As can be seen in Figure 3, the pre-treatment disability composite had the strongest importance score, which was approximately equivalent to the importance of disability in the family domain. Nevertheless, several other variables also contributed to the prediction of disability. Several QIDS-SR items were identified as important predictors, including disinterest, early insomnia, and fatigue. More time spent on both the relaxation and cognitive modules (the benefit tapered off after approximately 60 minutes on each module) were both associated with lower post-treatment disability. Higher percentage of zip code with Hispanic ethnicity and fewer years in therapy were also associated with lower disability. Importance scores are also presented separately for the random forests and elastic net models in supplemental materials, section 6.1.

Figure 3.

Figure 3.

Partial dependence plots for the top sixteen predictors of post-treatment disability.
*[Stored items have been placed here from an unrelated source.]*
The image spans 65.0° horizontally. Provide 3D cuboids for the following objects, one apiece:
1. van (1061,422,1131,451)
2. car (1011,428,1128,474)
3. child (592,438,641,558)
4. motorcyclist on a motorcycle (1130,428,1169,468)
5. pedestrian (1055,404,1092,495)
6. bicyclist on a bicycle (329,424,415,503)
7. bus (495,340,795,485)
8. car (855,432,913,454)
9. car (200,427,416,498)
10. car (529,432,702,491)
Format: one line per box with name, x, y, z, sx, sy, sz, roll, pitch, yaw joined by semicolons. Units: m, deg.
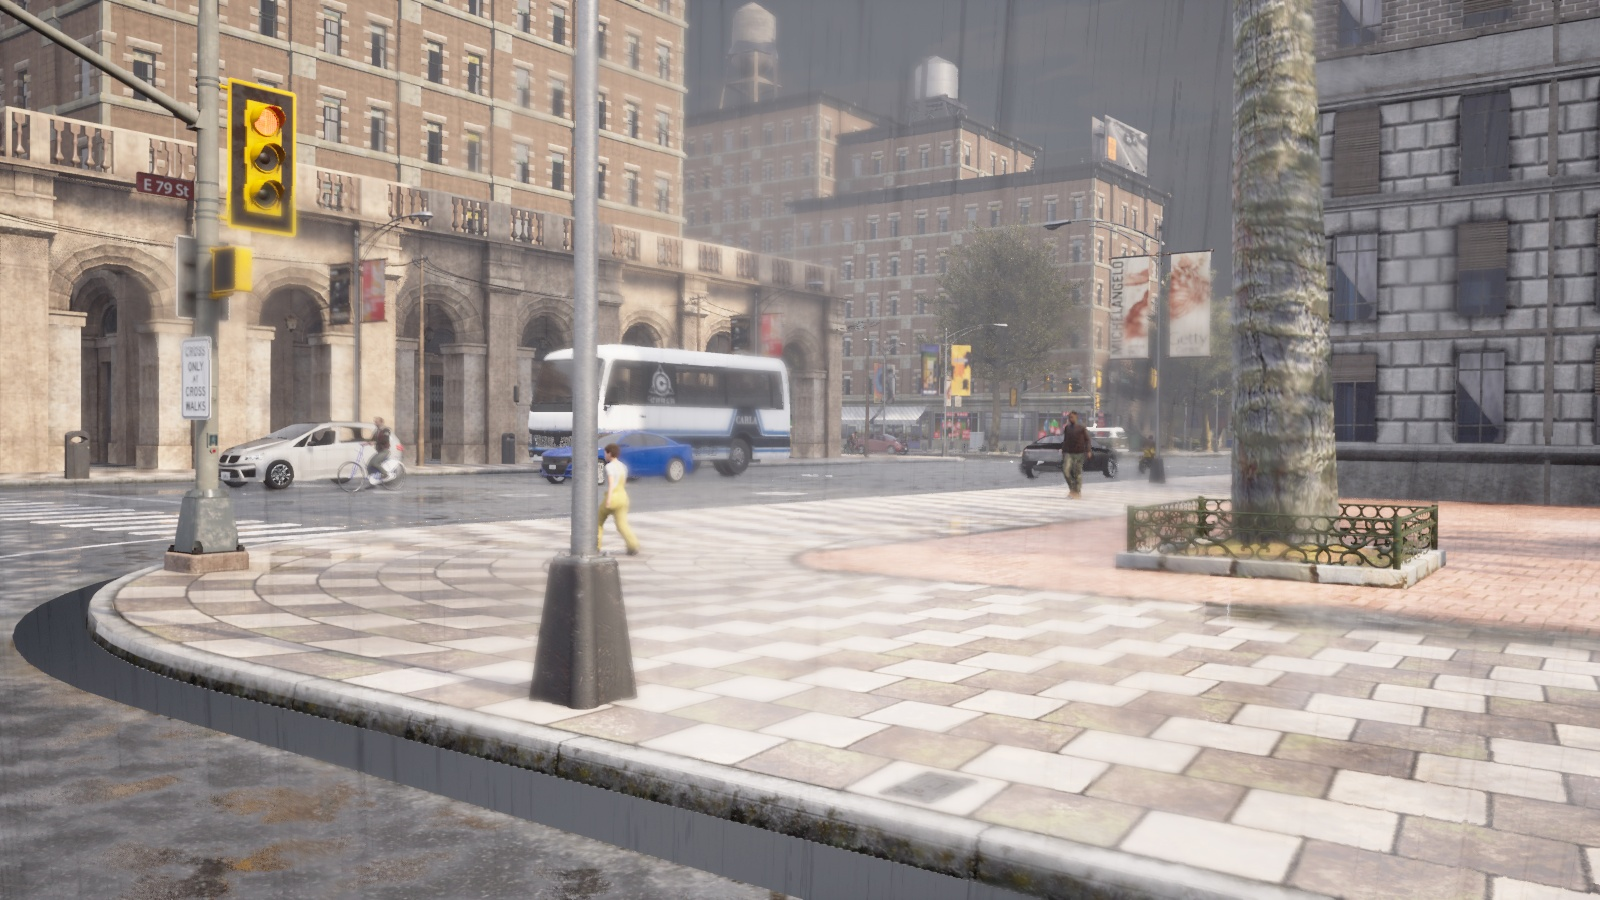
van;21.293;-0.973;90.430;2.069;2.038;4.480;-1;1;-43
car;9.455;0.005;43.757;2.128;1.511;4.902;0;1;37
child;-1.972;0.502;13.475;0.437;1.263;0.270;0;1;36
motorcyclist on a motorcycle;13.839;-0.091;49.729;0.797;1.523;2.044;0;1;36
pedestrian;5.603;-0.014;25.713;0.431;1.840;0.703;0;1;44
bicyclist on a bicycle;-9.999;0.291;29.381;0.659;1.776;1.843;0;1;37
bus;-4.838;-1.177;42.145;3.944;4.253;10.273;0;1;37
car;5.854;-0.507;87.856;3.633;1.501;1.845;0;1;36
car;-12.425;0.252;31.977;2.242;1.667;4.611;0;1;37
car;-5.174;0.266;35.848;1.882;1.535;5.008;0;1;37
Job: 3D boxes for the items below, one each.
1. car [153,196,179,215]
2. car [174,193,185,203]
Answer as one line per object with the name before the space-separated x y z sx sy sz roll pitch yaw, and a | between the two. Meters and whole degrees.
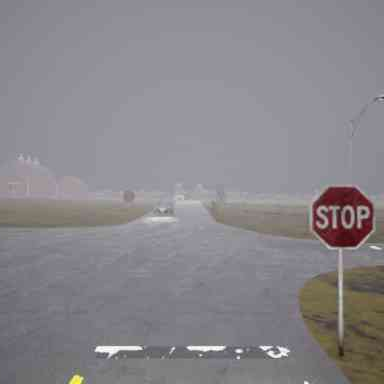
car | -2.744 1.505 33.403 2.128 1.511 4.902 0 0 0
car | -2.734 1.266 73.308 2.150 2.045 5.566 0 0 0
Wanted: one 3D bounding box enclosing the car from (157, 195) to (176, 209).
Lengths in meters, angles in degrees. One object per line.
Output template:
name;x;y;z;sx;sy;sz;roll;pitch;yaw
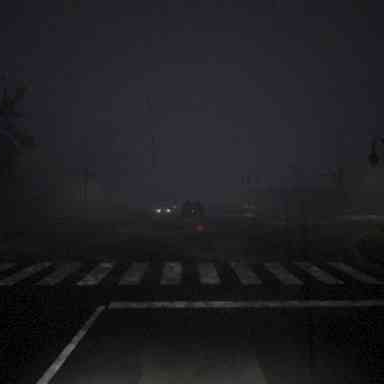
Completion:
car;-3.600;1.536;44.789;2.033;1.411;5.357;0;0;0

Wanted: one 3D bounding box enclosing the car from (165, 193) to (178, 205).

Depression-Related Well-Being

The benchmark model with pre-treatment well-being (positive affect) predicted 17.8% of the variance in post-treatment symptom related well-being. The ensemble model explained an additional 11.6% of the variance in post-treatment well-being (Table 1). As can be seen in Figure 4, not surprisingly, higher pre-treatment well-being was associated with higher post-treatment well-being.

Figure 4.

Figure 4.

Partial dependence plots for the top sixteen predictors of post-treatment well-being (low positive affect) symptoms.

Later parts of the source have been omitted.